* Data for review *
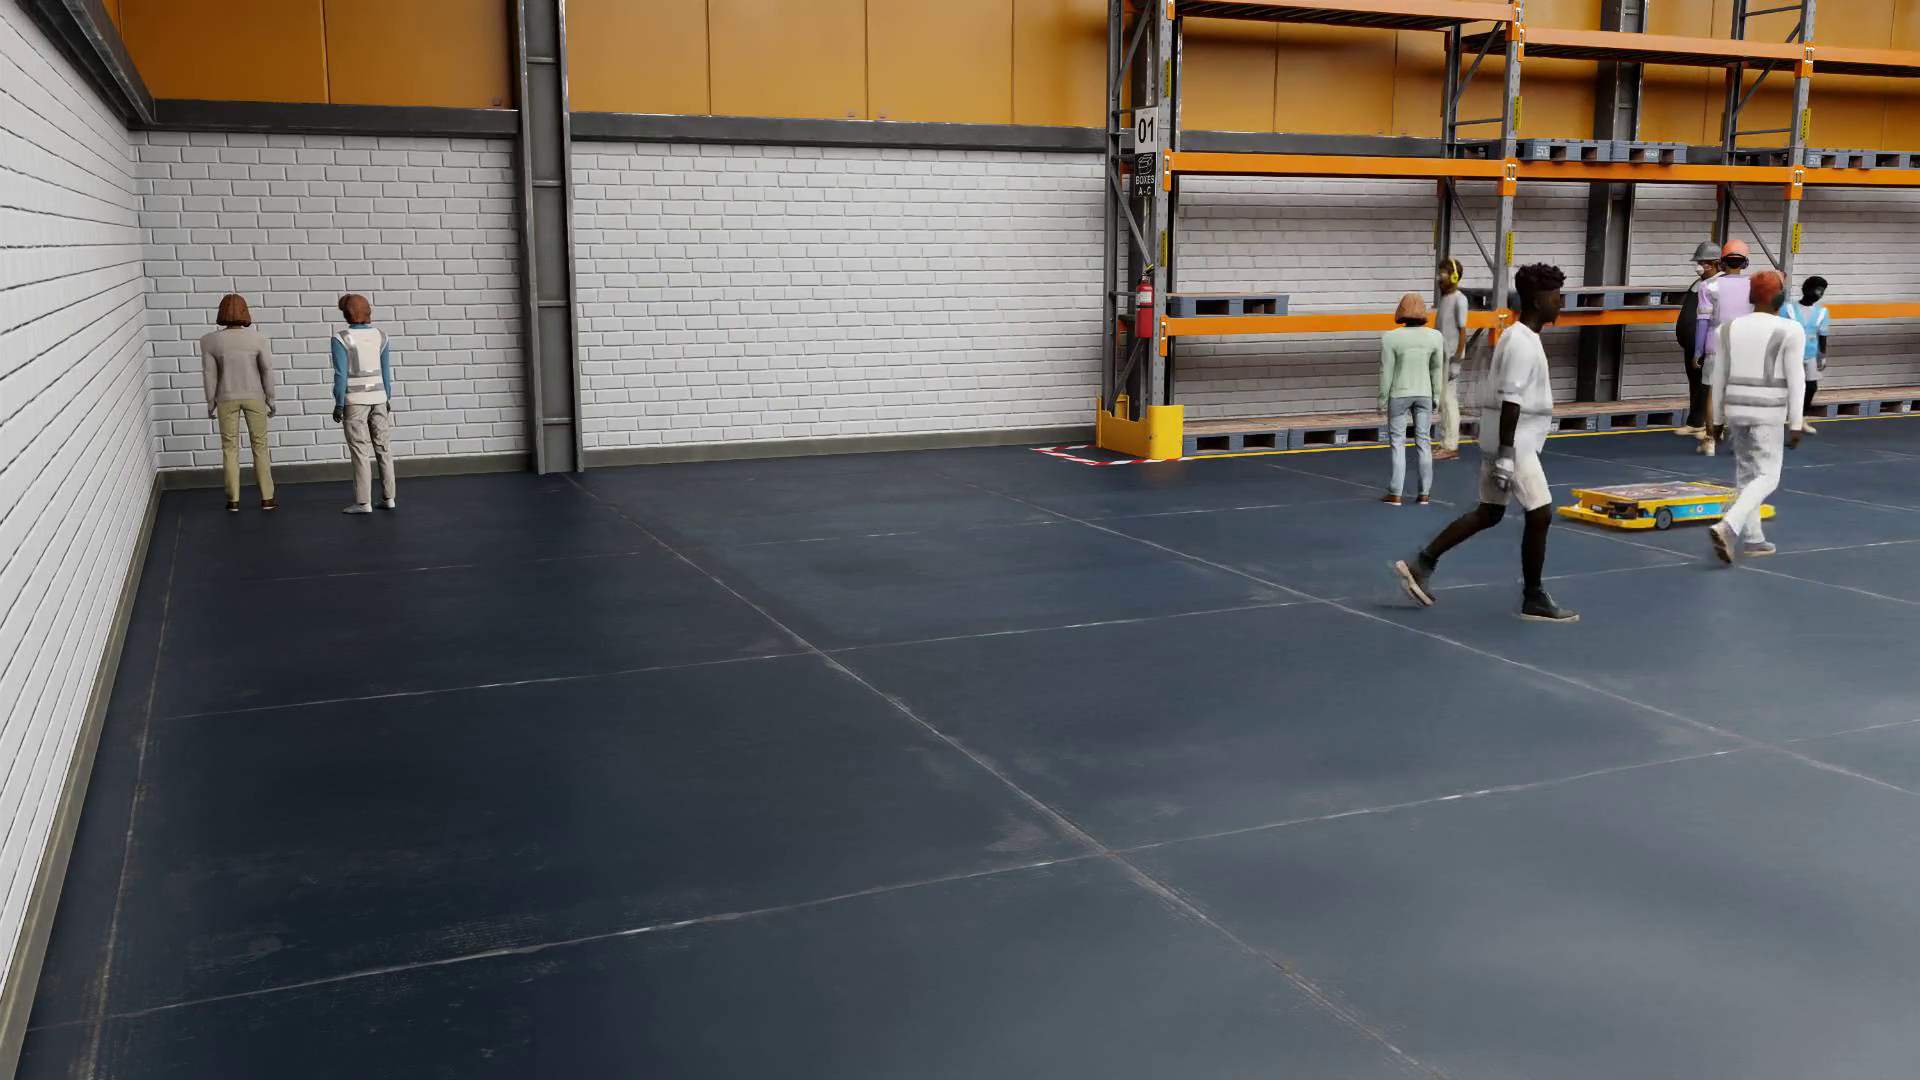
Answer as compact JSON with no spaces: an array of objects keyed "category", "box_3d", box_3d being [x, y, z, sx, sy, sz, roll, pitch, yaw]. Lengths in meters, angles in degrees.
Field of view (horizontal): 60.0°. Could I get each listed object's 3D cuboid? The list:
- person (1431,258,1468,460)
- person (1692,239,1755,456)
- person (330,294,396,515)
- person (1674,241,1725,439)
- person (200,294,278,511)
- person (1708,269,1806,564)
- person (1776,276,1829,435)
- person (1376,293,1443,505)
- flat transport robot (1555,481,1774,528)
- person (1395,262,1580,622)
[{"category":"person","box_3d":[4.539,-1.682,15.517,0.309,1.869,0.525,-1,10,-6]},{"category":"person","box_3d":[7.249,-1.808,15.726,0.611,2.042,0.395,2,10,11]},{"category":"person","box_3d":[-4.450,-1.008,12.396,0.310,1.638,0.522,6,12,28]},{"category":"person","box_3d":[7.666,-2.067,17.174,0.535,2.000,0.679,-1,10,-6]},{"category":"person","box_3d":[-5.418,-1.030,12.531,0.497,1.633,0.284,-3,11,-18]},{"category":"person","box_3d":[4.991,-0.772,10.473,0.831,1.860,0.594,-6,12,-31]},{"category":"person","box_3d":[8.715,-1.909,17.336,0.582,1.675,0.358,1,10,6]},{"category":"person","box_3d":[3.461,-1.080,12.810,0.507,1.631,0.266,-1,10,-7]},{"category":"flat transport robot","box_3d":[5.121,-0.268,12.081,1.431,0.197,0.652,-4,11,-22]},{"category":"person","box_3d":[2.861,-0.526,8.947,0.916,1.934,0.619,3,10,14]}]

* Task requirements *
For this exercise, return the material word for word and drop each image.

* Answer box *
Answer as compact JSON with no spaces: an array of objects keyed "category", "box_3d", box_3d being [x, y, z, sx, sy, sz, roll, pitch, yaw]. Lengths in meters, angles in degrees.
Field of view (horizontal): 60.0°. Could I get each listed object's 3D cuboid? The list:
- person (1431,258,1468,460)
- person (1692,239,1755,456)
- person (330,294,396,515)
- person (1674,241,1725,439)
- person (200,294,278,511)
- person (1708,269,1806,564)
- person (1776,276,1829,435)
- person (1376,293,1443,505)
- flat transport robot (1555,481,1774,528)
- person (1395,262,1580,622)
[{"category":"person","box_3d":[4.539,-1.682,15.517,0.309,1.869,0.525,-1,10,-6]},{"category":"person","box_3d":[7.249,-1.808,15.726,0.611,2.042,0.395,2,10,11]},{"category":"person","box_3d":[-4.450,-1.008,12.396,0.310,1.638,0.522,6,12,28]},{"category":"person","box_3d":[7.666,-2.067,17.174,0.535,2.000,0.679,-1,10,-6]},{"category":"person","box_3d":[-5.418,-1.030,12.531,0.497,1.633,0.284,-3,11,-18]},{"category":"person","box_3d":[4.991,-0.772,10.473,0.831,1.860,0.594,-6,12,-31]},{"category":"person","box_3d":[8.715,-1.909,17.336,0.582,1.675,0.358,1,10,6]},{"category":"person","box_3d":[3.461,-1.080,12.810,0.507,1.631,0.266,-1,10,-7]},{"category":"flat transport robot","box_3d":[5.121,-0.268,12.081,1.431,0.197,0.652,-4,11,-22]},{"category":"person","box_3d":[2.861,-0.526,8.947,0.916,1.934,0.619,3,10,14]}]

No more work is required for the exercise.